Hospital Liens and Personal Injury Claims
Imagine you've been in a bad car accident. You're hospitalized and may or may not have insurance. A few months down the line you receive a certified letter stating that the medical facility has put a $20,000 “lien” on any proceeds from your claim.
Unfortunately, this means you've just encountered your state's hospital lien statute.
If this has left you wondering what to do or confused as to what exactly a lien is -- fear not, we're here to help.
We'll explain ….
What is a Hospital Lien?
Why are Hospital Liens Used?
Tips you Can Use to Fight Against a Lien
Let's get started….
What is a Hospital Lien?
For many people, the word “lien” might bring up thoughts of taxes or claims against your property. According to the Cornell University Legal Information Institute a lien is :
“A security interest or legal right acquired in one's property by a creditor. A lien generally stays in effect until the underlying obligation to the creditor is satisfied.”
In other words, it's a financial claim by one party against another party for a specified amount of money. When we speak of a hospital liens, we're referring to the legal right of a medical provider to put a claim against you.
Sometimes a hospital will ask you to sign a “lien letter” authorizing them to use a lien to recoup costs if necessary.
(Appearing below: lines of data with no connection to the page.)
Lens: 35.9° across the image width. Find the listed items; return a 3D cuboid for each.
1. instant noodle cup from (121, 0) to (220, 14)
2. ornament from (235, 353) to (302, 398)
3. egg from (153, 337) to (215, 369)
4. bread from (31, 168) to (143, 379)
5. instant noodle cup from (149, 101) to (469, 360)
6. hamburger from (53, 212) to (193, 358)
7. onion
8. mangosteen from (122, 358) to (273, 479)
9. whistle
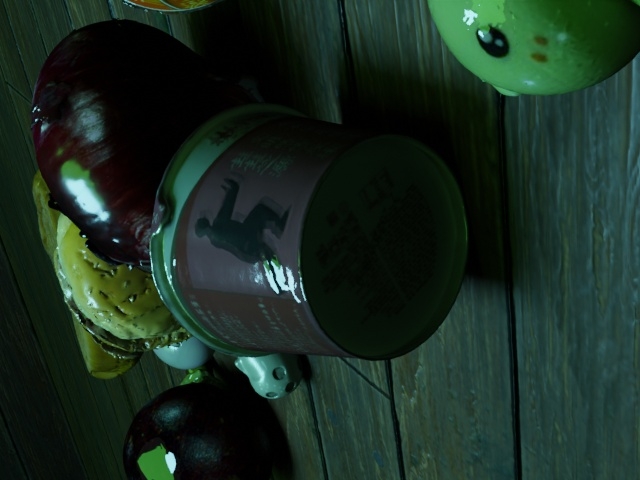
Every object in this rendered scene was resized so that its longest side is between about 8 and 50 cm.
[{"bbox_3d":[-0.129,-0.306,0.829,0.213,0.213,0.174,58,163,15],"label":"instant noodle cup"},{"bbox_3d":[-0.079,0.129,1.276,0.156,0.081,0.075,68,161,3],"label":"ornament"},{"bbox_3d":[-0.215,0.142,1.529,0.135,0.103,0.103,39,146,47],"label":"egg"},{"bbox_3d":[-0.362,0.053,1.651,0.337,0.148,0.328,110,138,-64],"label":"bread"},{"bbox_3d":[0.000,0.000,0.833,0.178,0.235,0.234,9,121,51],"label":"instant noodle cup"},{"bbox_3d":[-0.234,0.024,1.313,0.244,0.244,0.163,61,152,9],"label":"hamburger"},{"bbox_3d":[-0.159,-0.097,1.030,0.314,0.232,0.314,48,-158,-26],"label":"onion"},{"bbox_3d":[-0.184,0.291,1.523,0.231,0.232,0.289,98,175,-51],"label":"mangosteen"},{"bbox_3d":[0.143,-0.163,0.475,0.141,0.141,0.294,62,155,7],"label":"whistle"}]
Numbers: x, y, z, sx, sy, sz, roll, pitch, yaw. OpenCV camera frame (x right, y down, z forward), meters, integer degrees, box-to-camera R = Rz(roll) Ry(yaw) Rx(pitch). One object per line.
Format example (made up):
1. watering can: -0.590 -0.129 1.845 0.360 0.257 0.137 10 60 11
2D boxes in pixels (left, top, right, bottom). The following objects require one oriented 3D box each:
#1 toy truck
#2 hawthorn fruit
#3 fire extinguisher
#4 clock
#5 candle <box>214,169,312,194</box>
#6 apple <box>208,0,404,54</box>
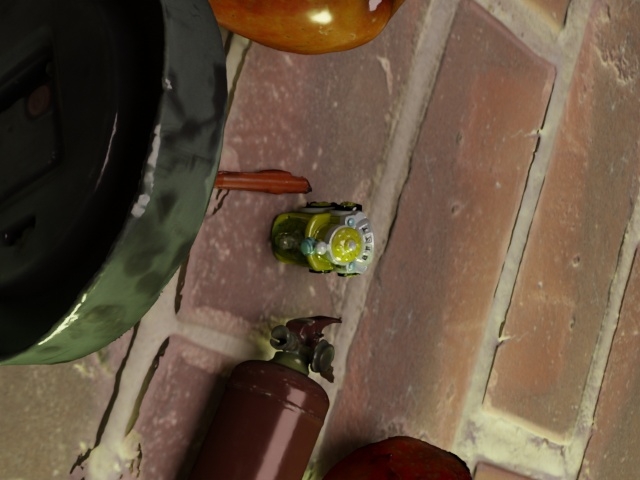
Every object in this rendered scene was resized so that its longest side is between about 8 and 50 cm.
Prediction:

The most common scenario where a this comes into play is where someone is treated by emergency services but doesn't have sufficient (or any) insurance coverage.
The hospital may then go after the individual for the difference, or if they find out a third party is responsible and pursue them.
Why are Hospital Liens Used?
Liens are a form of insurance for medical facilities ensuring that they have some form of recourse if a significant bill goes unpaid or uncovered. Lien laws vary quite a bit state to state, so researching yours or speaking to a qualified attorney is in your best interest.
But generally speaking, liens can be placed on the following services:
- Ambulance transportation
- Visits with your attending physician
- Nurse services
- Dental services (especially emergency)
- Generalized hospital services
- Medical supplies (wheelchair, physical therapy, etc)
Hospital liens are obviously problematic if you're on the receiving end. They often include inflated totals, they're much less flexible than billings from insurance companies, and if the lien goes unsettled it will delay receiving the settlement check from the other party.
5 Tips You Can Use to Fight Against a Hospital Lien
Even if you've received a lien, there are still some steps you can follow to fight against it:
- Check to see if the hospital followed correct procedure. Within the statutory scheme of each state's laws, there are regulations for how a lien can and should be placed. There must be proper notice that is given within a certain timeframe, etc. If these guidelines are not followed the lien may be invalid.
- Check to see what (if anything) has been paid so far. Reviewing the payment record will show if any (even partial) payments have been made. Sometimes a smaller amount of payment will be accepted in full by a medical provider, this can be the difference between a “contract rate” and a “charged rate”. Knowing where you stand will let you know how to proceed.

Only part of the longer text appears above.